O estudo também identificou redução no custo de fertilizantes por unidade de soja produzida nos sistemas de sucessão. Com a mesma dose de fertilizante aplicada em todos os sistemas, o custo médio ficou em US$ 9,28 por saca no soja-milho e US$ 9,25 na sucessão soja-braquiária. Na monocultura, chegou a US$ 10,22 no plantio direto e US$ 10,07 no convencional. Na safra 2014/15, o plantio convencional registrou o maior custo da série, de US$ 16,26 por saca.
Segundo os pesquisadores, o resultado está ligado à capacidade das culturas de sucessão de reciclar nutrientes e melhorar as condições físicas e biológicas do solo. As raízes do milho e da braquiária absorvem nutrientes em camadas mais profundas, que retornam à superfície com a decomposição dos resíduos. A maior cobertura do solo reduz perdas por erosão e evaporação e favorece a infiltração e o armazenamento de água.

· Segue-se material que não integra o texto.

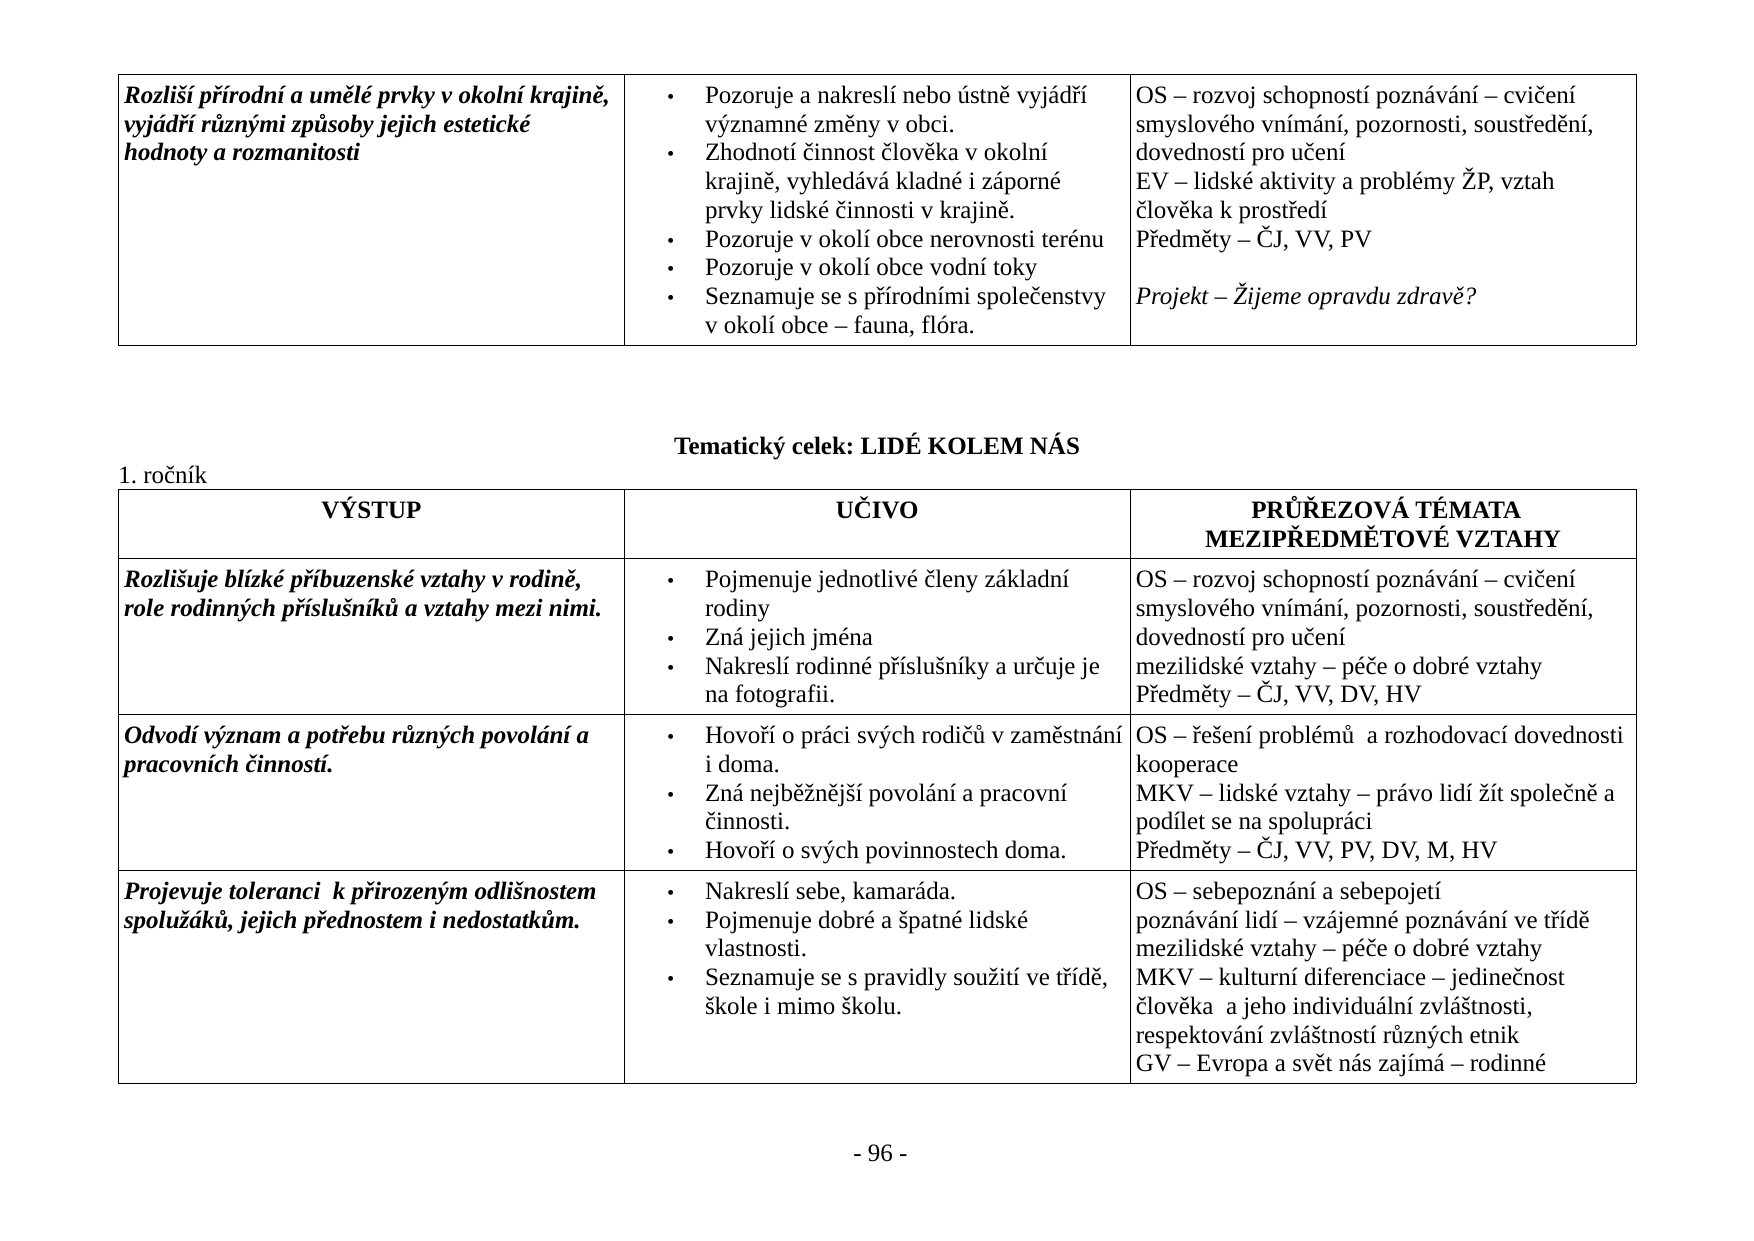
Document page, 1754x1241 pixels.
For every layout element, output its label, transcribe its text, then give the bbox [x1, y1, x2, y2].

table_cell OS – rozvoj schopností poznávání – cvičení smyslového vnímání, pozornosti, soustředění, dovedností pro učení EV – lidské aktivity a problémy ŽP, vztah člověka k prostředí Předměty – ČJ, VV, PV Projekt – Žijeme opravdu zdravě? [1131, 75, 1636, 344]
table_cell OS – rozvoj schopností poznávání – cvičení smyslového vnímání, pozornosti, soustředění, dovedností pro učení mezilidské vztahy – péče o dobré vztahy Předměty – ČJ, VV, DV, HV [1131, 559, 1636, 714]
text Tematický celek: LIDÉ KOLEM NÁS [118, 431, 1636, 460]
table_cell Hovoří o práci svých rodičů v zaměstnání i doma. Zná nejběžnější povolání a pracovní činnosti. Hovoří o svých povinnostech doma. [625, 715, 1130, 870]
table_header UČIVO [625, 490, 1130, 558]
table_cell Nakreslí sebe, kamaráda. Pojmenuje dobré a špatné lidské vlastnosti. Seznamuje se s pravidly soužití ve třídě, škole i mimo školu. [625, 871, 1130, 1083]
table_cell Rozlišuje blízké příbuzenské vztahy v rodině, role rodinných příslušníků a vztahy mezi nimi. [119, 559, 624, 714]
table_cell Odvodí význam a potřebu různých povolání a pracovních činností. [119, 715, 624, 870]
table_cell Projevuje toleranci k přirozeným odlišnostem spolužáků, jejich přednostem i nedostatkům. [119, 871, 624, 1083]
table_cell Pozoruje a nakreslí nebo ústně vyjádří významné změny v obci. Zhodnotí činnost člověka v okolní krajině, vyhledává kladné i záporné prvky lidské činnosti v krajině. Pozoruje v okolí obce nerovnosti terénu Pozoruje v okolí obce vodní toky Seznamuje se s přírodními společenstvy v okolí obce – fauna, flóra. [625, 75, 1130, 344]
table_cell OS – sebepoznání a sebepojetí poznávání lidí – vzájemné poznávání ve třídě mezilidské vztahy – péče o dobré vztahy MKV – kulturní diferenciace – jedinečnost člověka a jeho individuální zvláštnosti, respektování zvláštností různých etnik GV – Evropa a svět nás zajímá – rodinné [1131, 871, 1636, 1083]
text 1. ročník [118, 460, 1636, 489]
table_cell OS – řešení problémů a rozhodovací dovednosti kooperace MKV – lidské vztahy – právo lidí žít společně a podílet se na spolupráci Předměty – ČJ, VV, PV, DV, M, HV [1131, 715, 1636, 870]
table_cell Rozliší přírodní a umělé prvky v okolní krajině, vyjádří různými způsoby jejich estetické hodnoty a rozmanitosti [119, 75, 624, 344]
table_header PRŮŘEZOVÁ TÉMATA MEZIPŘEDMĚTOVÉ VZTAHY [1131, 490, 1636, 558]
table_header VÝSTUP [119, 490, 624, 558]
table_cell Pojmenuje jednotlivé členy základní rodiny Zná jejich jména Nakreslí rodinné příslušníky a určuje je na fotografii. [625, 559, 1130, 714]

"Esses processos elevam a eficiência no uso de água e nutrientes e aumentam a produtividade da soja em sucessão. Assim, mesmo com a aplicação da mesma quantidade de fertilizante, os sistemas diversificados apresentam menor custo por unidade de soja produzida e maior retorno econômico", explica Luciane Chiodi Bachion, pesquisadora e sócia da Agroicone.

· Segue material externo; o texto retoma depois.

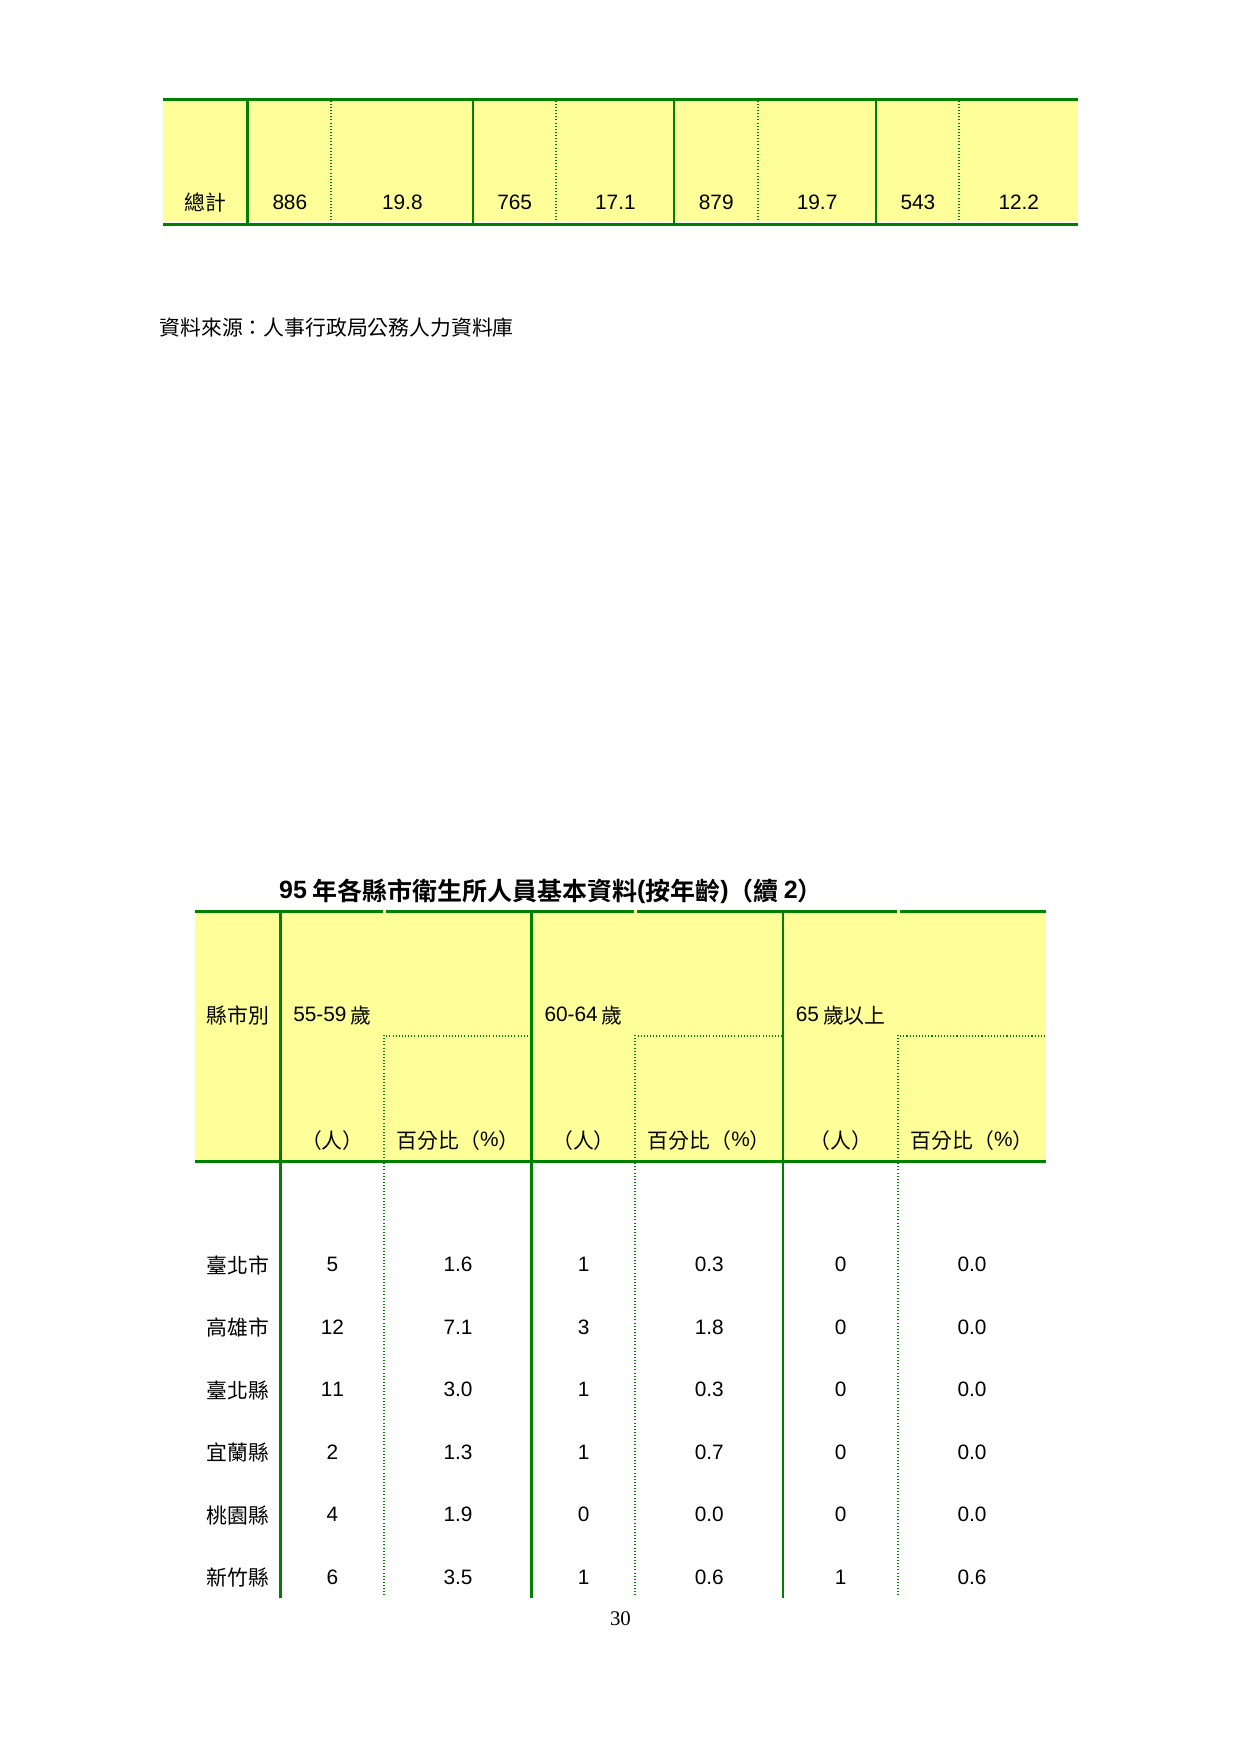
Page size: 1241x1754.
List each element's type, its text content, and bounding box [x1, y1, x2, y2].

table_header 60-64歲 [533, 913, 634, 1035]
table_cell 4 [282, 1473, 384, 1535]
table_cell 3.0 [384, 1348, 530, 1410]
table_cell 886 [249, 101, 331, 222]
table_cell 百分比（%） [384, 1035, 530, 1160]
table_cell 0.0 [635, 1473, 782, 1535]
table_cell 17.1 [556, 101, 673, 222]
table_cell 1.9 [384, 1473, 530, 1535]
table_cell 0.0 [898, 1163, 1046, 1285]
table_cell 臺北縣 [195, 1348, 279, 1410]
table_cell 0.0 [898, 1473, 1046, 1535]
table_cell 宜蘭縣 [195, 1410, 279, 1472]
table_cell 0 [784, 1285, 898, 1347]
table_cell 1.8 [635, 1285, 782, 1347]
table_cell 12.2 [959, 101, 1078, 222]
table_cell 19.8 [331, 101, 472, 222]
table_header 55-59歲 [282, 913, 383, 1035]
table_cell 百分比（%） [898, 1035, 1046, 1160]
table_cell 0 [784, 1348, 898, 1410]
text 資料來源：人事行政局公務人力資料庫 [148, 285, 1092, 347]
table_cell 高雄市 [195, 1285, 279, 1347]
table_cell 2 [282, 1410, 384, 1472]
table_header 縣市別 [195, 913, 279, 1160]
table_header [386, 913, 530, 1035]
table_cell 0 [784, 1473, 898, 1535]
table_cell 3 [533, 1285, 635, 1347]
table_cell （人） [282, 1035, 384, 1160]
table_cell 3.5 [384, 1535, 530, 1597]
table_cell 879 [675, 101, 758, 222]
table_cell 12 [282, 1285, 384, 1347]
table_cell 19.7 [758, 101, 875, 222]
table_cell （人） [784, 1035, 898, 1160]
table_cell 0.3 [635, 1163, 782, 1285]
table_cell 7.1 [384, 1285, 530, 1347]
table_cell 6 [282, 1535, 384, 1597]
table_cell （人） [533, 1035, 635, 1160]
table_cell 0 [784, 1410, 898, 1472]
table_cell 1 [784, 1535, 898, 1597]
table_cell 0.6 [898, 1535, 1046, 1597]
table_cell 0.0 [898, 1348, 1046, 1410]
table_cell 11 [282, 1348, 384, 1410]
table_cell 5 [282, 1163, 384, 1285]
table_cell 新竹縣 [195, 1535, 279, 1597]
table_cell 0.6 [635, 1535, 782, 1597]
table_cell 0 [533, 1473, 635, 1535]
table_cell 1.3 [384, 1410, 530, 1472]
table_header [637, 913, 782, 1035]
table_header [900, 913, 1046, 1035]
table_cell 桃園縣 [195, 1473, 279, 1535]
table_header 65歲以上 [784, 913, 897, 1035]
table_cell 1 [533, 1163, 635, 1285]
table_cell 0.3 [635, 1348, 782, 1410]
table_cell 1.6 [384, 1163, 530, 1285]
table_cell 1 [533, 1348, 635, 1410]
table_cell 543 [877, 101, 959, 222]
table_cell 1 [533, 1410, 635, 1472]
table_cell 765 [474, 101, 556, 222]
table_cell 臺北市 [195, 1163, 279, 1285]
table_cell 0.7 [635, 1410, 782, 1472]
table_cell 0 [784, 1163, 898, 1285]
table_cell 總計 [163, 101, 246, 222]
table_cell 1 [533, 1535, 635, 1597]
text 95年各縣市衛生所人員基本資料(按年齡)（續2） [279, 847, 1092, 910]
table_cell 0.0 [898, 1285, 1046, 1347]
table_cell 0.0 [898, 1410, 1046, 1472]
table_cell 百分比（%） [635, 1035, 782, 1160]

O sistema soja-milho também teve o melhor desempenho econômico. Em três das 15 safras (2011/12, 2020/21 e 2021/22), o retorno superou US$ 30 por saca. A vantagem vem da possibilidade de duas colheitas comerciais na mesma área no ano agrícola. Além de contribuir para a produtividade da soja, o milho gera segunda fonte de receita e dilui custos fixos com máquinas, mão de obra e financiamento da terra. Na safra 2014/15, enquanto os demais sistemas praticamente zeraram o retorno, o soja-milho manteve margem com a venda do milho.
Já a braquiária e o milheto, usados como cobertura, não geram receita direta, mas elevaram a produtividade da soja e a receita por hectare. O sistema também tem potencial para ampliar a produção de biocombustíveis sem expansão de área. Considerando as produtividades dos experimentos, um hectare de soja-milho pode gerar mais de 4 mil litros de biocombustíveis, somando biodiesel de soja, etanol de milho e óleo técnico de milho. O volume é quase sete vezes superior ao potencial de biodiesel de um hectare de monocultura de soja.

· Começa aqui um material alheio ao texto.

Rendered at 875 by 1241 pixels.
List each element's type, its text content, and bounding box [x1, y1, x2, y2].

Os efeitos da sucessão se acumulam ao longo do tempo. A alternância de culturas favorece a ciclagem de nutrientes, aumenta a matéria orgânica e melhora a estrutura e a infiltração de água no solo, além de estimular microrganismos. O sistema também ajuda a interromper ciclos de pragas e doenças da monocultura. "Quando diferentes culturas ocupam a área ao longo dos anos, o solo passa a funcionar de forma mais eficiente, armazenando melhor água e nutrientes e oferecendo condições mais favoráveis para o desenvolvimento da planta", afirma Luís Guilherme, pesquisador envolvido no estudo.
Em períodos de seca, solos mais estruturados e biologicamente ativos aumentam a capacidade das plantas de suportar estresse hídrico. "As evidências que reunimos confirmam que a diversificação no campo é uma estratégia eficaz para otimizar o uso da terra, aumentar o rendimento financeiro, a produtividade, a resiliência e a eficiência no uso de fertilizantes, apoiando o movimento de transição para uma economia de baixo carbono", conclui Sofia Arantes.
estudo sobre sistemas de plantio direto manejo de solo em períodos de seca
Para quem vive da terra em Minas, o estudo de Itiquira reforça o que muitos produtores já percebem na prática: diversificar não é só alternativa, é proteção. A seca não é notícia só quando vira tragédia. Ela está ali, todo ano, testando o solo e o bolso de quem planta. Sistemas que combinam culturas, como soja e milho, dão mais estabilidade à renda e ao chão. E isso, no interior, vale tanto quanto qualquer tecnologia de ponta.